> YOUR INSTRUCTIONS: Nothing but a number should be written: the count of lines below that contain "those".

> DATA:
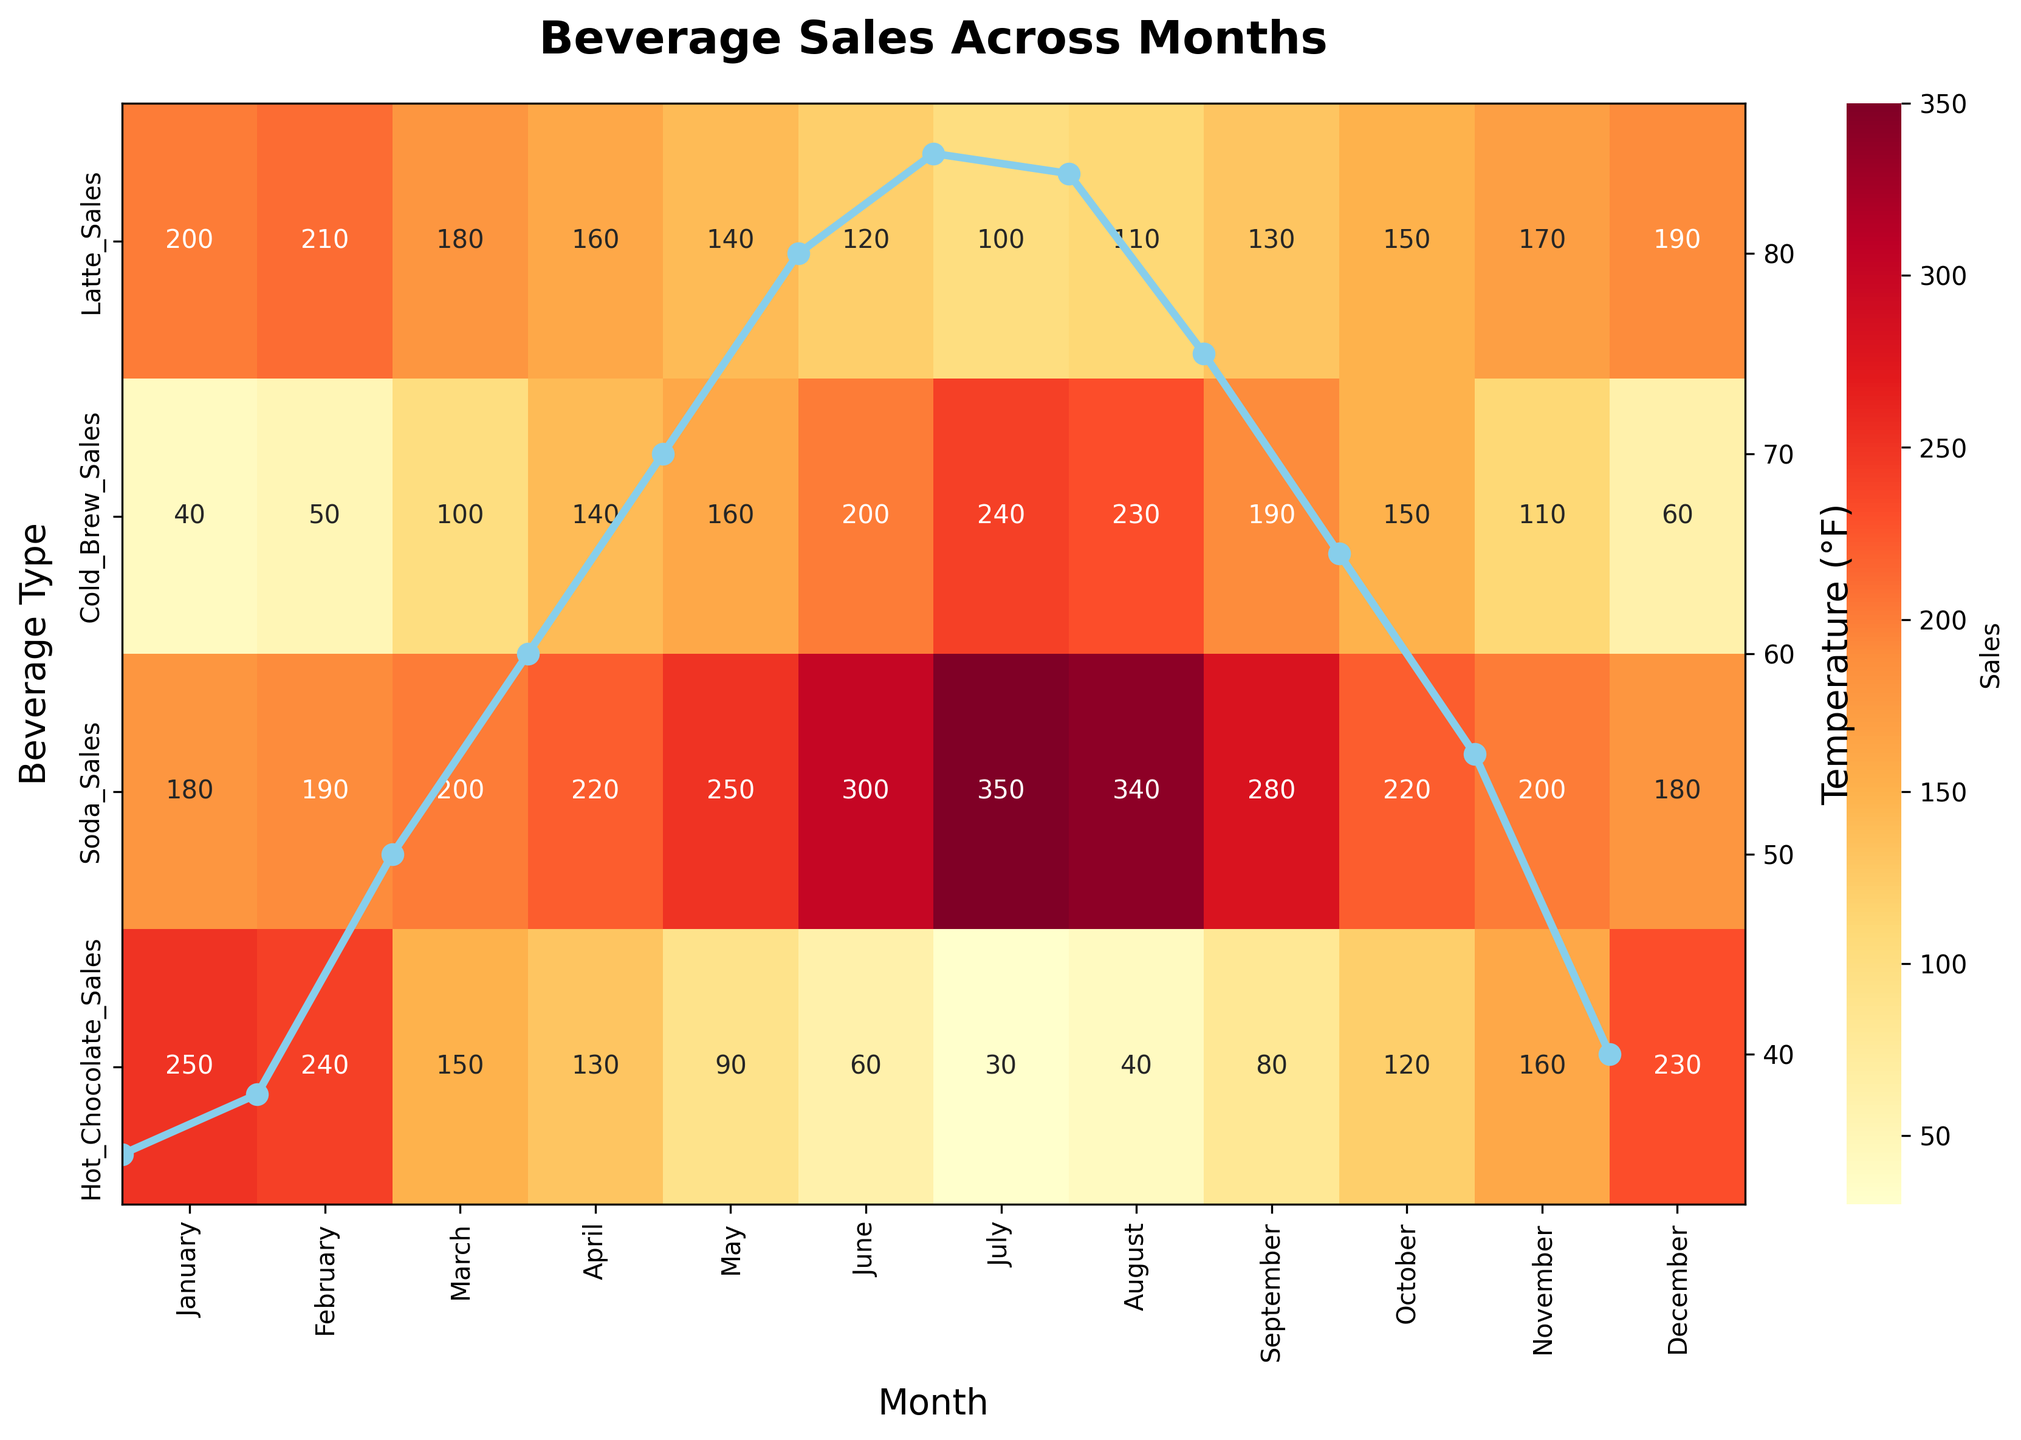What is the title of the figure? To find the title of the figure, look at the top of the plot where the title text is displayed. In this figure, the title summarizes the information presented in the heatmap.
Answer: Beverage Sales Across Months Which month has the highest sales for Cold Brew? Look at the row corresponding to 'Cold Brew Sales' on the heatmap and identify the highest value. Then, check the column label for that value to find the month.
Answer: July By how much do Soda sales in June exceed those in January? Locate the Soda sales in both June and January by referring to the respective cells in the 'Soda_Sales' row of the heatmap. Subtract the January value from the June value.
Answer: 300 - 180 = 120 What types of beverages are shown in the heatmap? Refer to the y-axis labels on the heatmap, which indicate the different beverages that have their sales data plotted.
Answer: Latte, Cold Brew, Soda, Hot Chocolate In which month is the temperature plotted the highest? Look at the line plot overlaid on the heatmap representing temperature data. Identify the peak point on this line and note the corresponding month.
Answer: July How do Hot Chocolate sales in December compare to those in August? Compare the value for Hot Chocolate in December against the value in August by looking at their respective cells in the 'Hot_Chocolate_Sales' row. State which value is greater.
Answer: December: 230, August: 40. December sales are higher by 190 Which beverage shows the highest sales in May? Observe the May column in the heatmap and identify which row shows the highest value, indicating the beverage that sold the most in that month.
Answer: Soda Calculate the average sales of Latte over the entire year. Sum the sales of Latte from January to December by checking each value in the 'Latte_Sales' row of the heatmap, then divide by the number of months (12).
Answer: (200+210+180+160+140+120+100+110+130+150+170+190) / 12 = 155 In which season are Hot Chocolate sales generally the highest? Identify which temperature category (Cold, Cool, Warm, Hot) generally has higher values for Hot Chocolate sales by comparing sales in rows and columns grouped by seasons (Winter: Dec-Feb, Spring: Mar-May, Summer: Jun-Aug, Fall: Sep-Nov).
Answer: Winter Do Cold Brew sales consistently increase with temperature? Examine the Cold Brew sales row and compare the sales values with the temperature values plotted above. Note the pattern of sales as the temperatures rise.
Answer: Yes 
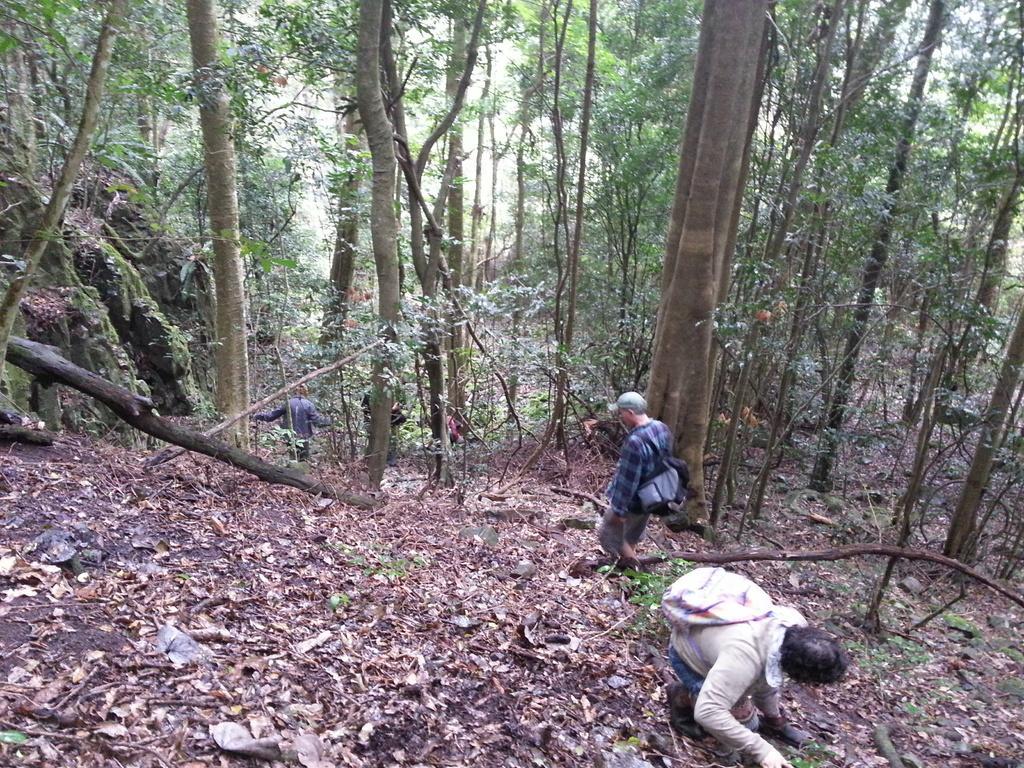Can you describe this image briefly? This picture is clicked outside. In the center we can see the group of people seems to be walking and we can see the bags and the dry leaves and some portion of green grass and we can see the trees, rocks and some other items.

> RESULT FOR THIS EXERCISE: 2